Similarity and diversity: two sides of the same coin in the evaluation of data streams

Saia, Roberto

The Information Systems represent the primary instrument of growth for the companies that operate in the so-called e-commerce environment. The data streams generated by the users that interact with their websites are the primary source to define the user behavioral models. Some main examples of services integrated in these websites are the Recommender Systems, where these models are exploited in order to generate recommendations of items of potential interest to users, the User Segmentation Systems, where the models are used in order to group the users on the basis of their preferences, and the Fraud Detection Systems, where these models are exploited to determine the legitimacy of a financial transaction. Even though in literature diversity and similarity are considered as two sides of the same coin, almost all the approaches take into account them in a mutually exclusive manner, rather than jointly. The aim of this thesis is to demonstrate how the consideration of both sides of this coin is instead essential to overcome some well-known problems that affict the state-of-the-art approaches used to implement these services, improving their performance.

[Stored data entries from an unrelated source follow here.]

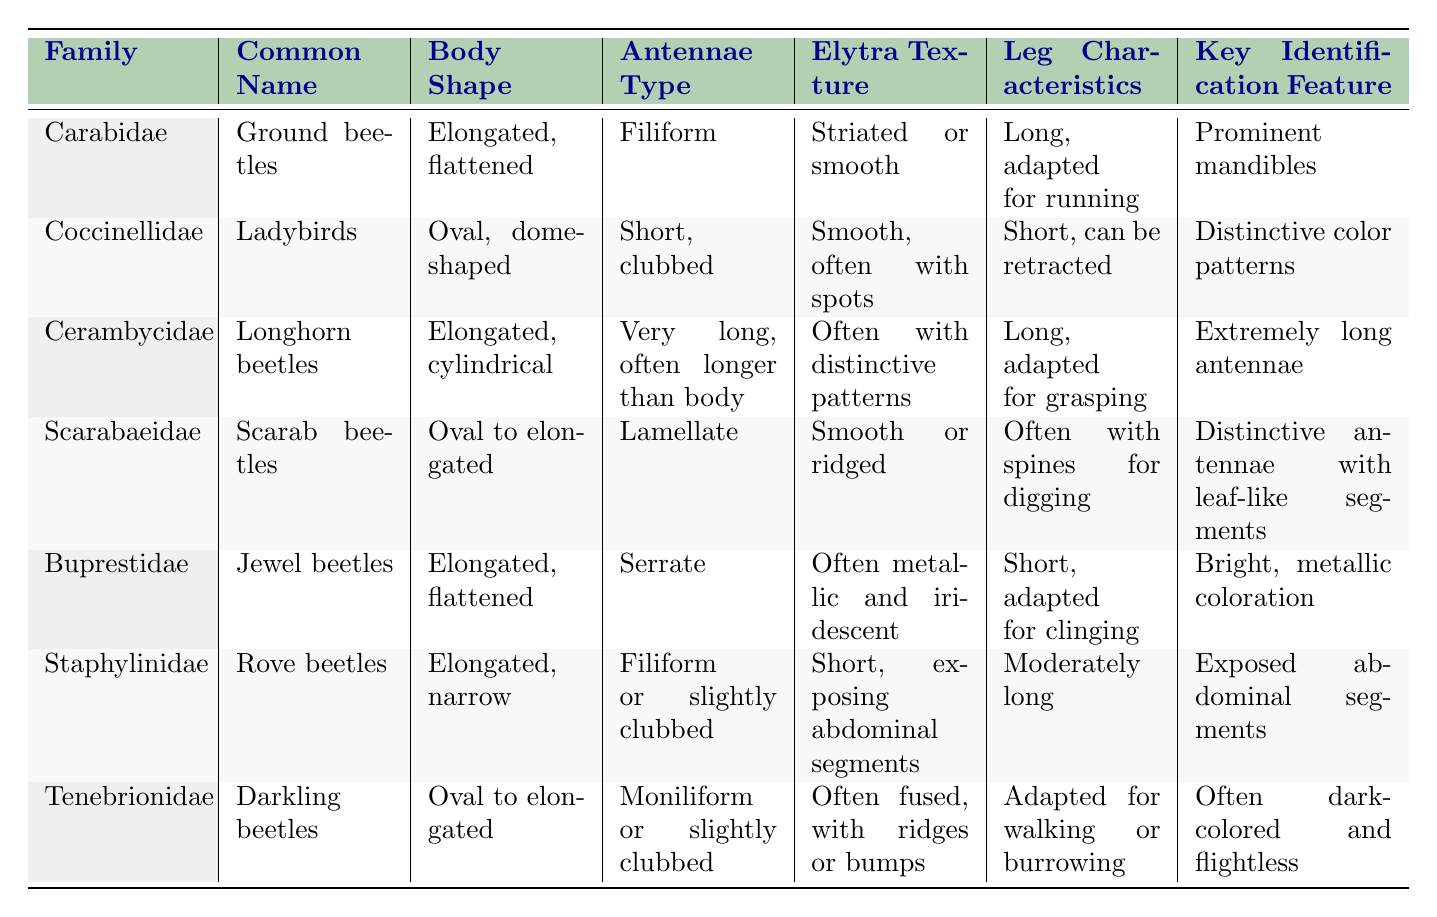What is the common name for the family Carabidae? The family Carabidae is listed in the table with its common name. Referring to the table, it shows that Carabidae corresponds to Ground beetles.
Answer: Ground beetles Which beetle family has a body shape described as oval to elongated? The table lists various beetle families along with their body shapes. By scanning the table, I find that both the Scarabaeidae and Tenebrionidae families have an oval to elongated body shape.
Answer: Scarabaeidae and Tenebrionidae What is the key identification feature of Coccinellidae? Looking at the table, the row for Coccinellidae specifies that its key identification feature is distinctive color patterns.
Answer: Distinctive color patterns Does the Cerambycidae family have very long antennae? The table states that the antennae type for Cerambycidae is very long and often longer than the body. Therefore, the answer is yes.
Answer: Yes Which family is characterized by bright, metallic coloration? In the table, the Buprestidae family is specifically noted for its bright, metallic coloration in the key identification feature column.
Answer: Buprestidae How many families have a body shape that is elongated? The table lists several families with their corresponding body shapes. Scanning through, Carabidae, Cerambycidae, Buprestidae, and Staphylinidae are noted as having an elongated body shape. Therefore, there are 4 families in total.
Answer: 4 What type of antennae do Scarabaeidae beetles have? The table describes the antennae type for Scarabaeidae as lamellate. This information can be directly retrieved from the table.
Answer: Lamellate Which beetle families have long legs adapted for running or grasping? Referring to the leg characteristics column in the table, Carabidae has long legs adapted for running, while Cerambycidae has long legs adapted for grasping. These are the two families that fit this description.
Answer: Carabidae and Cerambycidae Is it true that all families listed have some smooth elytra texture? To answer this, I look at the elytra texture descriptions in the table. While some families like Coccinellidae and Scarabaeidae have smooth textures, others like Cerambycidae, Buprestidae, and Tenebrionidae are noted to have different textures, meaning not all have a smooth texture.
Answer: No Which family has the shortest antennae type? By examining the antennae type for each family in the table, I find that Coccinellidae has the shortest antennae type, categorized as short and clubbed.
Answer: Coccinellidae

Its contributions are the following: with regard to the recommender systems, the detection of the diversity in a user profile is used to discard incoherent items, improving the accuracy, while the exploitation of the similarity of the predicted items is used to re-rank the recommendations, improving their effectiveness; with regard to the user segmentation systems, the detection of the diversity overcomes the problem of the non-reliability of data source, while the exploitation of the similarity reduces the problems of understandability and triviality of the obtained segments; lastly, concerning the fraud detection systems, the joint use of both diversity and similarity in the evaluation of a new transaction overcomes the problems of the data scarcity, and those of the non-stationary and unbalanced class distribution.